→ Provided information:

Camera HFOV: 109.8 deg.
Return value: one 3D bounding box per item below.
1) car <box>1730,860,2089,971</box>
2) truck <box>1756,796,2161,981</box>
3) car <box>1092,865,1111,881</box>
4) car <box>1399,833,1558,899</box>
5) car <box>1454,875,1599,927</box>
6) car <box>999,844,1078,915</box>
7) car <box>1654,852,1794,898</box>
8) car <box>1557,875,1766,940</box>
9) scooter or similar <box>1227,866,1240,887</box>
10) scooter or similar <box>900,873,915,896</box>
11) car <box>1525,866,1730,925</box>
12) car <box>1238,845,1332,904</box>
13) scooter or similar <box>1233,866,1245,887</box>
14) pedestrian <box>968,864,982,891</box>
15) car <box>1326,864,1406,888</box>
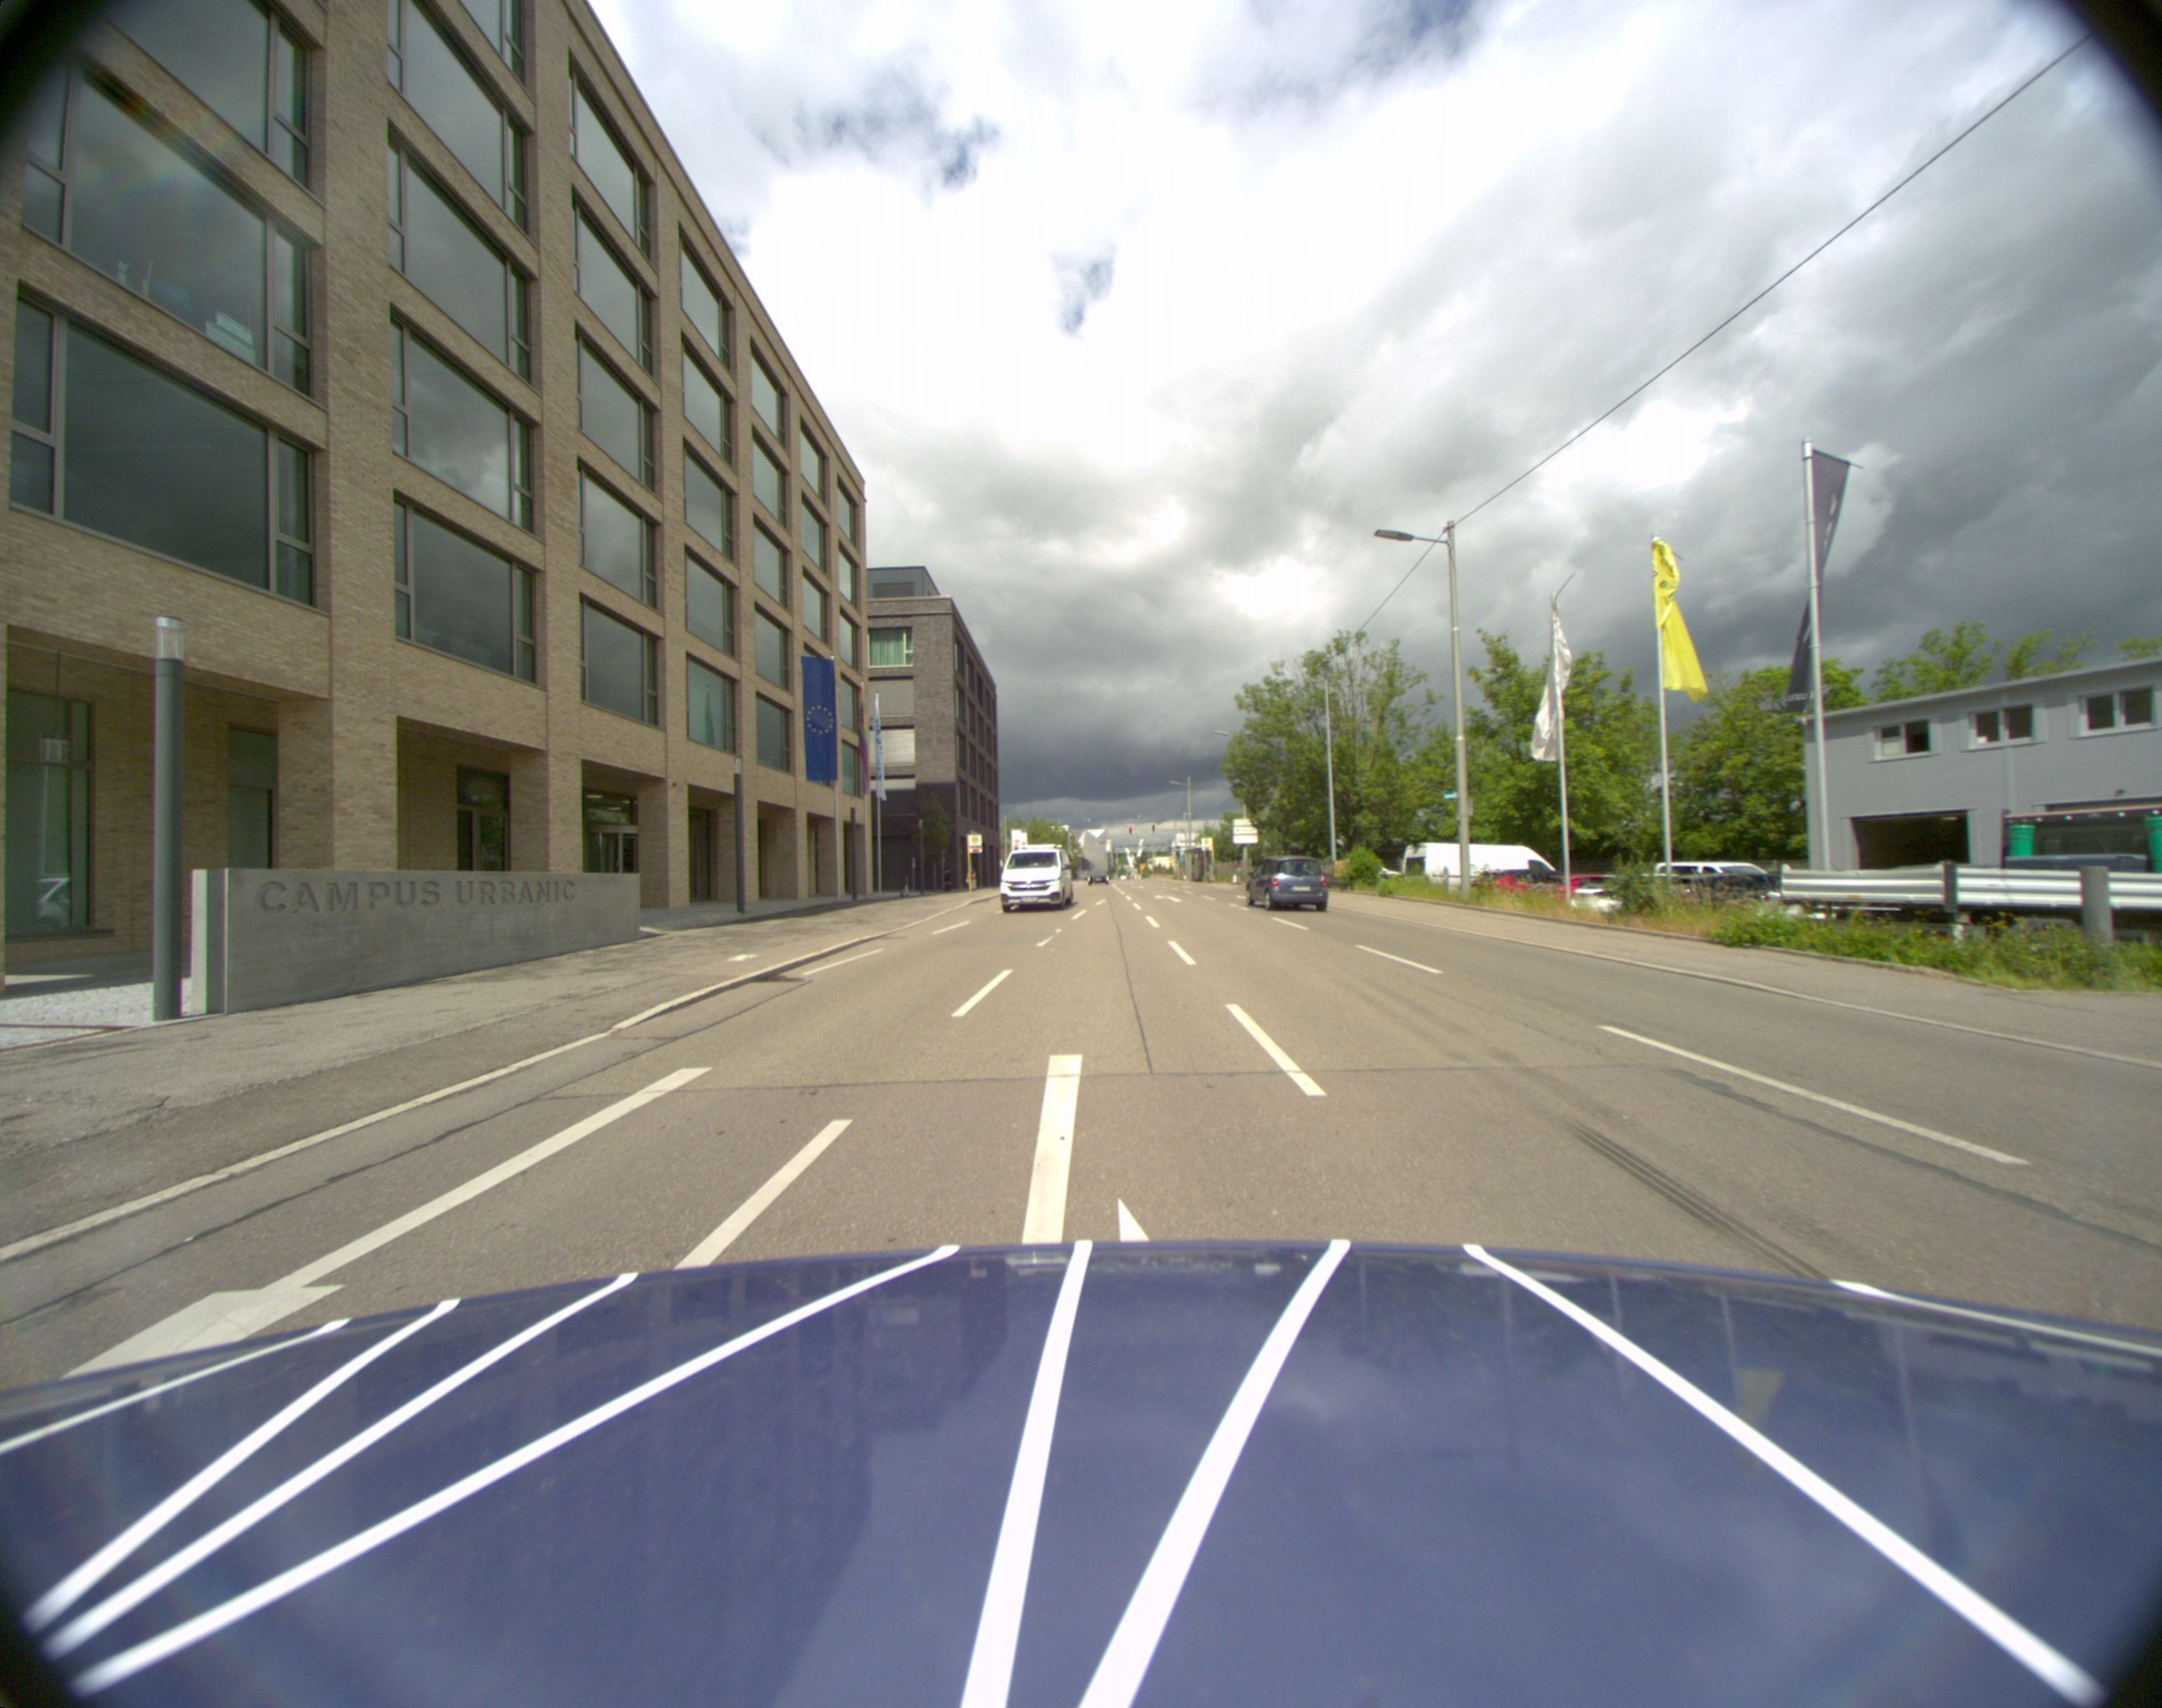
[{"bbox_3d":[13.707,0.966,12.785,3.894,1.600,1.928,-2,1,1],"label":"car"},{"bbox_3d":[13.058,0.375,10.185,5.877,2.135,2.476,-1,1,-1],"label":"truck"},{"bbox_3d":[1.848,1.716,69.488,1.726,1.394,4.207,0,1,1],"label":"car"},{"bbox_3d":[13.379,0.421,25.793,4.171,2.001,2.199,-2,-2,-1],"label":"car"},{"bbox_3d":[13.419,1.395,23.048,3.344,1.401,1.728,-2,1,5],"label":"car"},{"bbox_3d":[-1.261,0.722,24.472,1.935,2.078,4.209,-1,1,5],"label":"car"},{"bbox_3d":[26.431,0.836,31.522,1.841,1.718,4.918,-1,-1,4],"label":"car"},{"bbox_3d":[13.545,1.231,17.913,3.553,1.317,1.711,-2,1,5],"label":"car"},{"bbox_3d":[9.799,1.431,48.870,0.535,1.254,1.474,-3,-1,19],"label":"scooter or similar"},{"bbox_3d":[-8.962,1.548,39.284,0.428,1.146,1.404,-1,-1,1],"label":"scooter or similar"},{"bbox_3d":[14.494,1.083,20.360,4.041,1.378,1.929,-2,1,5],"label":"car"},{"bbox_3d":[6.006,0.575,22.857,1.748,1.586,4.042,1,0,0],"label":"car"},{"bbox_3d":[9.843,1.385,47.369,0.536,1.258,1.473,-3,-1,7],"label":"scooter or similar"},{"bbox_3d":[-6.938,1.508,49.603,0.685,1.717,0.962,-2,-1,1],"label":"pedestrian"},{"bbox_3d":[17.563,1.356,47.012,4.285,1.373,1.867,-1,-1,6],"label":"car"}]

→ Task objective: Starting at the first line of the records above, please copy each line exactly until you reach the line containing "8) car <box>1557,875,1766,940</box>". Include that line and stop there.

→ Result of the exercise:
Camera HFOV: 109.8 deg.
Return value: one 3D bounding box per item below.
1) car <box>1730,860,2089,971</box>
2) truck <box>1756,796,2161,981</box>
3) car <box>1092,865,1111,881</box>
4) car <box>1399,833,1558,899</box>
5) car <box>1454,875,1599,927</box>
6) car <box>999,844,1078,915</box>
7) car <box>1654,852,1794,898</box>
8) car <box>1557,875,1766,940</box>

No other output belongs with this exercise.